5.      EXTRAORDINARY ITEM - WAKEFIELD TRAGEDY:
        --------------------------------------

        On December 26, 2000, a tragedy occurred at our Wakefield, Massachusetts
office, where seven employees were murdered. As a result of this tragedy, the
Wakefield office was closed during the last week of December 2000. In December
2000, we incurred expenses totaling approximately $0.5 million for items such as
legal fees, foundation costs, family and employee counselors, and property and
facility expenses. During the three months ended March 31, 2001, we incurred an
additional $0.2 million of expenses related to this tragedy. The costs incurred
during the three months ended March 31, 2001 are presented as an extraordinary
item, net of the applicable tax effect, in the accompanying consolidated
statements of operations.

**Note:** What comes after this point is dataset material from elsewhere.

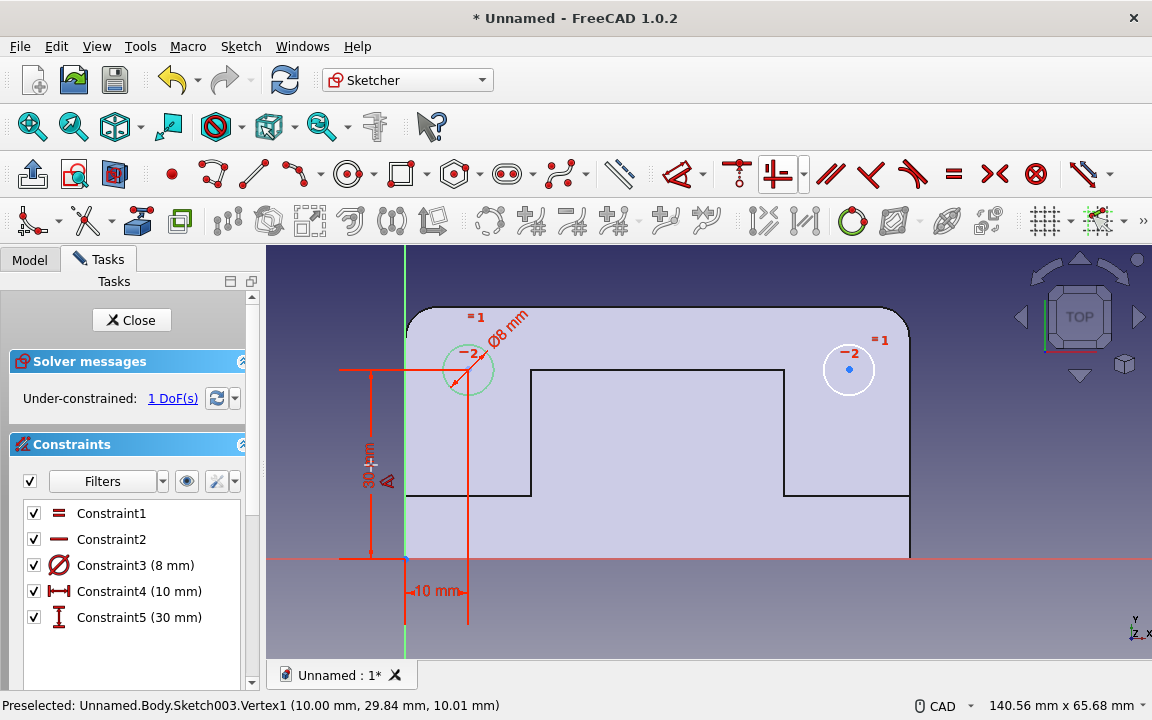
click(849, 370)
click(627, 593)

The following is a summary of our accrual relating to
the tragedy, which has been included in accounts payable and other accrued
liabilities in the accompanying consolidated balance sheets:

                                                           (In Thousands)

        Costs incurred during:
           Fourth quarter 2000                                   $513
           First quarter 2001                                     249
                                                                 ----
                                                                  762
        Less cash outlays                                         487
                                                                 ----
        Accrual at March 31, 2001                                $275
                                                                 ====

6.       EARNINGS PER COMMON SHARE:
         -------------------------

        A reconciliation of net income and weighted average shares used in
computing basic and diluted earnings per share is as follows:


                                                                               Three Months Ended March 31,
                                                                               ----------------------------
                                                                                   2001             2000
                                                                                ---------        ---------
                                                                         (In Thousands, Except Per Share Data)
                                                                                           
        Basic earnings per share:
        Net income applicable to common shares                                   $  4,678        $   1,931
                                                                                 ========        =========

        Weighted average common shares outstanding                                 16,497           29,461
                                                                                 ========        =========

        Basic earnings per share of common stock                                 $   0.28        $    0.07
                                                                                 ========        =========

        Diluted earnings per share:
        Net income applicable to common shares                                   $  4,678        $   1,931
                                                                                 ========        =========

        Weighted average common shares outstanding                                 16,497           29,461
        Dilutive effect of stock options                                                9              215
                                                                                 --------        ---------
        Weighted average common shares, assuming
           dilutive effect of stock options                                        16,506           29,676
                                                                                 ========        =========

        Diluted earnings per share of common stock                               $   0.28        $    0.07
                                                                                 ========        =========



        Options to purchase approximately 5.5 million shares of common stock (at
prices ranging from $4.97 to $40.31 per share) and 2.3 million shares of common
stock (at prices ranging from $8.94 to $40.75 per share) were outstanding during
the three months ended March 31, 2001 and 2000, respectively, but were not
included in the computation of diluted earnings per share because the options'
exercise prices were greater than the average market price of our common shares.
These options were still outstanding as of March 31, 2001.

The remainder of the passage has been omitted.